Kafka console consumer ERROR "Offset commit failed on partition"

Yeming Huang picture Yeming Huang · May 2, 2018 · Viewed 27.2k times · Source

I am using a kafka-console-consumer to probe a kafka topic.

Intermittently, I am getting this error message, followed by 2 warnings:

[2018-05-01 18:14:38,888] ERROR [Consumer clientId=consumer-1, groupId=console-consumer-56648] Offset commit failed on partition my-topic-0 at offset 444: The coordinator is not aware of this member. (org.apache.kafka.clients.consumer.internals.ConsumerCoordinator)

[2018-05-01 18:14:38,888] WARN [Consumer clientId=consumer-1, groupId=console-consumer-56648] Asynchronous auto-commit of offsets {my-topic-0=OffsetAndMetadata{offset=444, metadata=''}} failed: Commit cannot be completed since the group has already rebalanced and assigned the partitions to another member. This means that the time between subsequent calls to poll() was longer than the configured max.poll.interval.ms, which typically implies that the poll loop is spending too much time message processing.

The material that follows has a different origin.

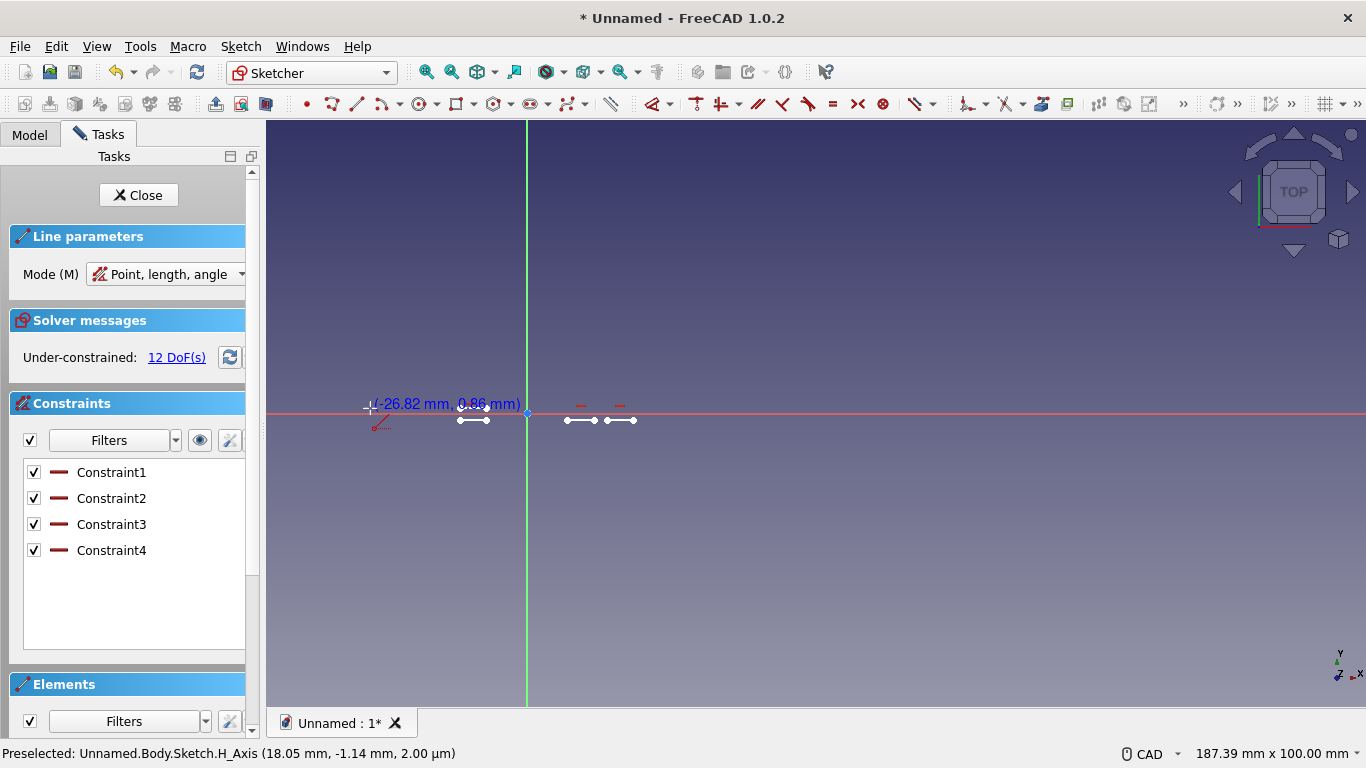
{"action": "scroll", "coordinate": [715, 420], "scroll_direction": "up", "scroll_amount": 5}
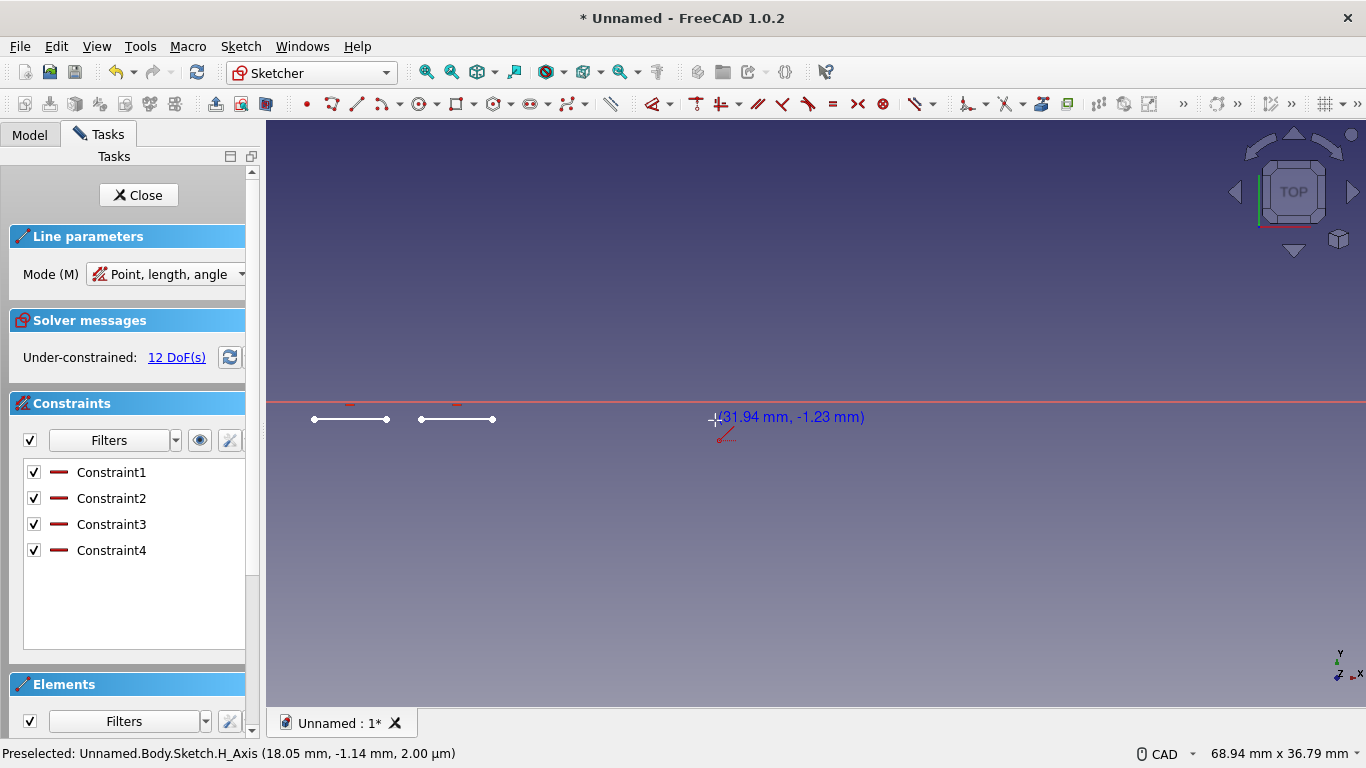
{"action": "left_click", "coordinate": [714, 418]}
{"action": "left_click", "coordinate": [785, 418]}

You can address this either by increasing the session timeout or by reducing the maximum size of batches returned in poll() with max.poll.records. (org.apache.kafka.clients.consumer.internals.ConsumerCoordinator)

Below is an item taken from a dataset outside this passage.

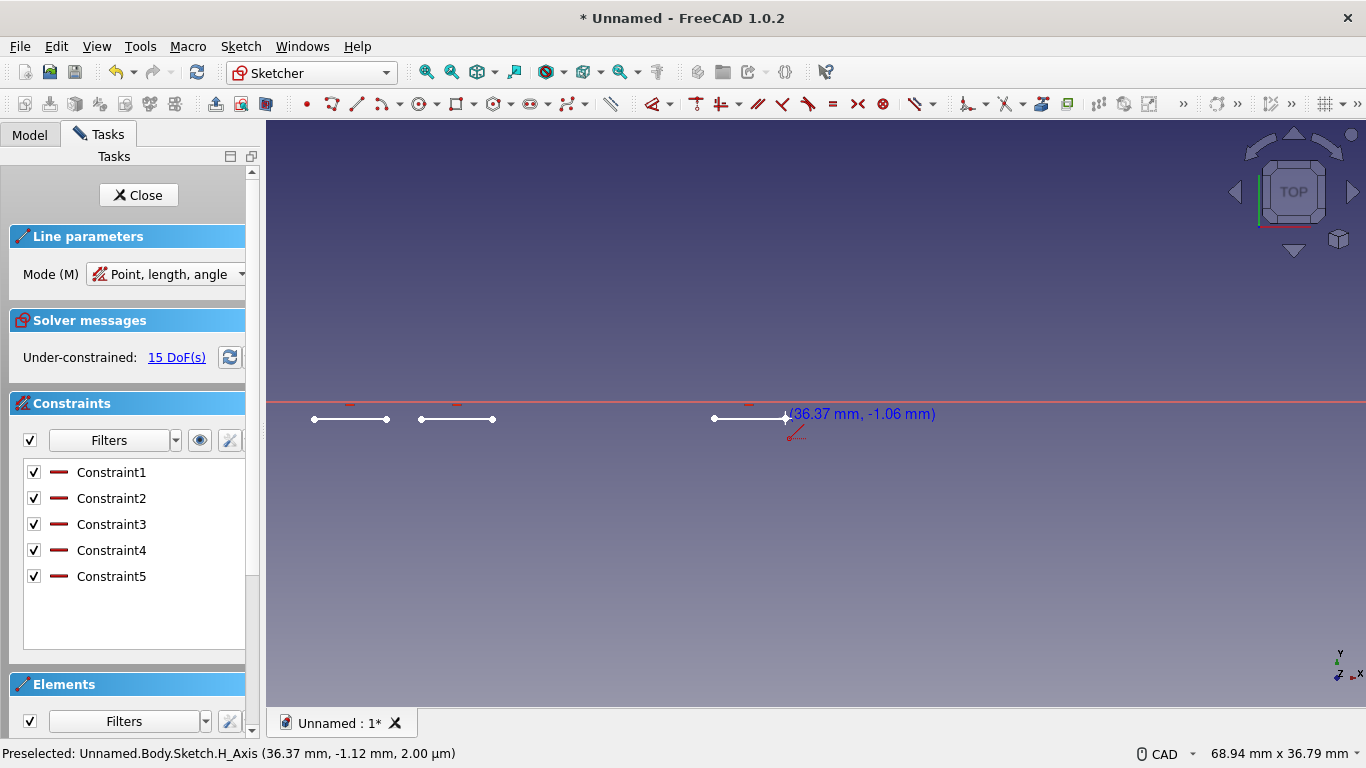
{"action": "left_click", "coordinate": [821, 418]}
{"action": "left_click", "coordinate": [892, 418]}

[2018-05-01 18:14:38,888] WARN [Consumer clientId=consumer-1, groupId=console-consumer-56648] Synchronous auto-commit of offsets {my-topic-0=OffsetAndMetadata{offset=447, metadata=''}} failed: Commit cannot be completed since the group has already rebalanced and assigned the partitions to another member. This means that the time between subsequent calls to poll() was longer than the configured max.poll.interval.ms, which typically implies that the poll loop is spending too much time message processing. You can address this either by increasing the session timeout or by reducing the maximum size of batches returned in poll() with max.poll.records. (org.apache.kafka.clients.consumer.internals.ConsumerCoordinator)

It suggested in the warn logs that:

This means that the time between subsequent calls to poll() was longer than the configured max.poll.interval.ms, which typically implies that the poll loop is spending too much time message processing. You can address this either by increasing the session timeout or by reducing the maximum size of batches returned in poll() with max.poll.records.

So, I either need to increase max.poll.interval.ms or decrease max.poll.records.

Please advise what would be the implication of each method, and which one is preferred on a different situation?

Answer

Nathan Walther picture Nathan Walther · Jul 6, 2018

If you increase max.poll.interval.ms that says “it’s ok to spend time processing a large batch of records” and you’ll gain throughput if you can process larger batches more efficiently than smaller ones.

To decrease max.poll.records says ”take fewer records so there’s enough time to process them” and would favor latency over throughput.

Also consider that both are configured fine, but something else is causing performance issues within your poll loop. I would explore that first before changing configuration so you don’t mask a bigger problem.